Ben Rubenstein has a nice post on the differential privacy model, and Adam Smith has more to say on sample secrecy. Adam and his colleagues (Dan Kifer and Abhradeep Guha Thakurta) gave us useful feedback on an earlier draft, which prompted me to learn some new facts about matrix perturbations, symmetric functions, and eigenvalues. Perhaps I’ll blog about this a bit more in the future, but I seem to be going in fits and starts here, so I don’t want to promise anything.

On a related note, ArXiV has dramatically changed its interface for submissions, and it is soooooo much better than before.

# ArXiV is down

I got the following from ArXiV today:

Submissions to arXiv have been disabled for maintenance. arXiv’s database is down for maintenance. It is still possible to browse, view and search papers that have already been announced but submissions and replacements disabled, as are the functions to add cross listings and journal references.
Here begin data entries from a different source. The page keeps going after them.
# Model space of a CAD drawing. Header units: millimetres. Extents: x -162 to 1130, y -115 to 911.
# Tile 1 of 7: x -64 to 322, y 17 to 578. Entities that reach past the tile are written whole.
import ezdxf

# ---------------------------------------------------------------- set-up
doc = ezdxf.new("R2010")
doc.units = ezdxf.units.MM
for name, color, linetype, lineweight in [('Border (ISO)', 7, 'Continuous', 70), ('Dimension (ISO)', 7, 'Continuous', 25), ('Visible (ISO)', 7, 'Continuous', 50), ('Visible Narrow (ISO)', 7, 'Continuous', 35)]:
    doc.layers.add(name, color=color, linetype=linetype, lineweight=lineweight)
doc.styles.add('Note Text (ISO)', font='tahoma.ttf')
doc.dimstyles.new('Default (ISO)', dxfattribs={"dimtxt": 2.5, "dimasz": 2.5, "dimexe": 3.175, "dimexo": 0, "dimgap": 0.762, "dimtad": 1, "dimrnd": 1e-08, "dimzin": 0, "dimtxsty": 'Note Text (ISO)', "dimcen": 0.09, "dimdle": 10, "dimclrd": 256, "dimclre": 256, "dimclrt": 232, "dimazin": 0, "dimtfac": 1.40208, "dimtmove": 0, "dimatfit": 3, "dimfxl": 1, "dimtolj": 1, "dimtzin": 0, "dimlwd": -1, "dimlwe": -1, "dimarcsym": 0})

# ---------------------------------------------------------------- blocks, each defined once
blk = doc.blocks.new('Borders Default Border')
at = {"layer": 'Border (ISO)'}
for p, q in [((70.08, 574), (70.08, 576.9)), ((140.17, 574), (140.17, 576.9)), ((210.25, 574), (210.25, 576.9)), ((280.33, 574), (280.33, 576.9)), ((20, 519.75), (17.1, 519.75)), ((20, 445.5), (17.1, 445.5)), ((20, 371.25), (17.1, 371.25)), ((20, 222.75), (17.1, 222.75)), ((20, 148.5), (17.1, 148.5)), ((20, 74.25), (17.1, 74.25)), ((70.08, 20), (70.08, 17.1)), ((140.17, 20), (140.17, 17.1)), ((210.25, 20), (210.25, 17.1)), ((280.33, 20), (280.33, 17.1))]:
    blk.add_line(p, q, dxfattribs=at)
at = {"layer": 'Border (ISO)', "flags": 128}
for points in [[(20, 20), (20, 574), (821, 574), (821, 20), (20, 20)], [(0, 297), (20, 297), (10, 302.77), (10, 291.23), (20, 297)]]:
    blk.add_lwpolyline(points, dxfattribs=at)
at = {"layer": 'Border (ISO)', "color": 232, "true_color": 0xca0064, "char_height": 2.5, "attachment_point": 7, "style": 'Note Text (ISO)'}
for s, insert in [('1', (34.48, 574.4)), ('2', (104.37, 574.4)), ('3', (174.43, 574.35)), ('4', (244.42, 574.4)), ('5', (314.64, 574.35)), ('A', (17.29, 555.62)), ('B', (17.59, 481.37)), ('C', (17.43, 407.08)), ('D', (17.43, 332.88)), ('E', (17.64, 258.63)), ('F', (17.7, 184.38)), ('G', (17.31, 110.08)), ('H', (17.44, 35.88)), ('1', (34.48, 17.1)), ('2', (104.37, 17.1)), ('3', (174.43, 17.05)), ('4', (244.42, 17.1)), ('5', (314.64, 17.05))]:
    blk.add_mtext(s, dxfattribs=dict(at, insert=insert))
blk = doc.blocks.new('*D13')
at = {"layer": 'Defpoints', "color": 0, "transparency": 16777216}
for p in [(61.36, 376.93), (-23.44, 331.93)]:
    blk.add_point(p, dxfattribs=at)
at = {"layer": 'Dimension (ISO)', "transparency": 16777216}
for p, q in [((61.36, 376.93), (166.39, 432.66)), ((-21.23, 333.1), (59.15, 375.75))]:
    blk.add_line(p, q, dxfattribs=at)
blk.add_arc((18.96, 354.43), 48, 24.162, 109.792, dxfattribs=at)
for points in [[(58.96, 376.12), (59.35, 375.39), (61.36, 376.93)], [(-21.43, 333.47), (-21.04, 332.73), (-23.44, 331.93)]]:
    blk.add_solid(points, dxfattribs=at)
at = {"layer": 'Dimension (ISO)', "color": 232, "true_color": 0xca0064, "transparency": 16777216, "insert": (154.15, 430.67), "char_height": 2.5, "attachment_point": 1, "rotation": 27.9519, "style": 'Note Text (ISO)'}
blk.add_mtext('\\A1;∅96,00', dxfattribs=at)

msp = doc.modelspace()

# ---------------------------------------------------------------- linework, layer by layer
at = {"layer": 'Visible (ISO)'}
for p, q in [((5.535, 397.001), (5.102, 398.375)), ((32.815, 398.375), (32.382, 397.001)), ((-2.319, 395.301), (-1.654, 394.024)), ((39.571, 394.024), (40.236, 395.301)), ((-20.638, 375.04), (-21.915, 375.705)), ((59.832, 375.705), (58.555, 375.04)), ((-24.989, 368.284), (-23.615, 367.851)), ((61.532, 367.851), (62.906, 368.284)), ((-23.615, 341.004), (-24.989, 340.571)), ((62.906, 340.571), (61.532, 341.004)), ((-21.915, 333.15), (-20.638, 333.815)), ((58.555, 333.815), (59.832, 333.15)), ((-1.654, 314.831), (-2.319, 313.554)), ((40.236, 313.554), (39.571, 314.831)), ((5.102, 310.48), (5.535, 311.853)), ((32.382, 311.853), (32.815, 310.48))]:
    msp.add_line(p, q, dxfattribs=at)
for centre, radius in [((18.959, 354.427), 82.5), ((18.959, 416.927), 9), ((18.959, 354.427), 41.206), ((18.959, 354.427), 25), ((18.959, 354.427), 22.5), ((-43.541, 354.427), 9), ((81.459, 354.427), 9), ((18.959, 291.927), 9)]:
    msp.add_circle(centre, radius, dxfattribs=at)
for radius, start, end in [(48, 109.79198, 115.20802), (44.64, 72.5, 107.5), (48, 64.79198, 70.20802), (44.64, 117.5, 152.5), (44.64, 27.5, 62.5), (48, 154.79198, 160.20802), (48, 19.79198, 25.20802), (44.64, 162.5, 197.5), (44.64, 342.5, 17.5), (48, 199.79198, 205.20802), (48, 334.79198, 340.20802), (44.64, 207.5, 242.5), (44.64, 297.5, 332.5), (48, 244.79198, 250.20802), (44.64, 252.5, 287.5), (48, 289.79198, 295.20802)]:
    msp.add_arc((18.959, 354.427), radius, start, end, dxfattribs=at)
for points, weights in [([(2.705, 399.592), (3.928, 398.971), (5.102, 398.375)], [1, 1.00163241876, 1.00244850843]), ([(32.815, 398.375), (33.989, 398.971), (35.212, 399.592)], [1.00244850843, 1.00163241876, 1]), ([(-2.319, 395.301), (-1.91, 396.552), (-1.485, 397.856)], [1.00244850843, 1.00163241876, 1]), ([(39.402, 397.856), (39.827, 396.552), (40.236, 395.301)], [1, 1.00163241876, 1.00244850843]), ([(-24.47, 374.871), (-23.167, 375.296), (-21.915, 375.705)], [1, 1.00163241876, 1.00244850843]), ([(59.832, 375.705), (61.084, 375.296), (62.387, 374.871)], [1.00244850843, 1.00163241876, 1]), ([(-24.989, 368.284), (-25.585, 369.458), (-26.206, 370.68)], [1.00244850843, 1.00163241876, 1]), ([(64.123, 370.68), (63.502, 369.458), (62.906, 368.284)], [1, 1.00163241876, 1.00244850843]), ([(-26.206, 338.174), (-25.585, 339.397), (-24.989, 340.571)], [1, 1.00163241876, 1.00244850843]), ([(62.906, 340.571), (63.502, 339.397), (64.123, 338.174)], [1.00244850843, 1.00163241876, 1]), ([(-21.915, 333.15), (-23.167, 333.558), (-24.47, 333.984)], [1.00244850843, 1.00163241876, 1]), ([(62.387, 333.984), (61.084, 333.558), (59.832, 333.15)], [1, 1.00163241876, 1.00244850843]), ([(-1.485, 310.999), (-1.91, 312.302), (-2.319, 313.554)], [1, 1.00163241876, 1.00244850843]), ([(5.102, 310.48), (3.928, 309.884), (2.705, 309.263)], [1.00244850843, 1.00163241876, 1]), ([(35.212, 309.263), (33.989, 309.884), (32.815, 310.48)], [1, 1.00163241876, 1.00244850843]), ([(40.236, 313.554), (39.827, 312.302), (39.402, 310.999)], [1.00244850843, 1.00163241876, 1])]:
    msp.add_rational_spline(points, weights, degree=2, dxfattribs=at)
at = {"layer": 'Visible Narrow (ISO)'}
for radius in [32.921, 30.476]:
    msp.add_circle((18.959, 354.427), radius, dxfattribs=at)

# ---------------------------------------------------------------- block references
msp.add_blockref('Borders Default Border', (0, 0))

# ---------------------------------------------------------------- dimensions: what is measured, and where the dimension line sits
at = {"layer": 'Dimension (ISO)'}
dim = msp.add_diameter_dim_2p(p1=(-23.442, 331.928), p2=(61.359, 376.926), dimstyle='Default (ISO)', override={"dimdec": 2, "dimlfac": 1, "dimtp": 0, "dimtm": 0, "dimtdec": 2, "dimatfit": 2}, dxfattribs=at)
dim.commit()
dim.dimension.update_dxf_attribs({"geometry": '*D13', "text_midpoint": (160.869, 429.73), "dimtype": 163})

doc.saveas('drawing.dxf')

So I guess I’ll have to wait to post our new submission, “Privacy constraints in regularized convex optimization,” until the system comes back up.

In the meantime, I’ll blog a bit about ISIT!

# be careful how you name your algorithm

The Lasso is a popular algorithm for selection used in statistics. In this recent paper posted to ArXiV the authors show that the Lasso is not algorithmically stable. It’s only to be expected, really. A twirling loop of rope is hardly an image one might associate to stability!

# prove as you go or scaffold first?

I had an interesting conversation two weeks ago about the working process for doing theory work in CS and EE. We discussed two extremes of working styles. In one, you meticulously prove small statements, type them up as you go along, getting the epsilons and deltas right and not working on the next step until the current step is totally set. I call this “prove as you go.” The other is that you sketch out some proofs to convince yourself that they are probably true (in some form) and then try to chase down the implications until you have the big result. When some deadline rolls around, you then build up the proofs for real. This could be thought of as “scaffolding first.” Fundamentally, these are internal modes of working, but because of the pressure to publish in CS and EE they end up influencing how people view theory work.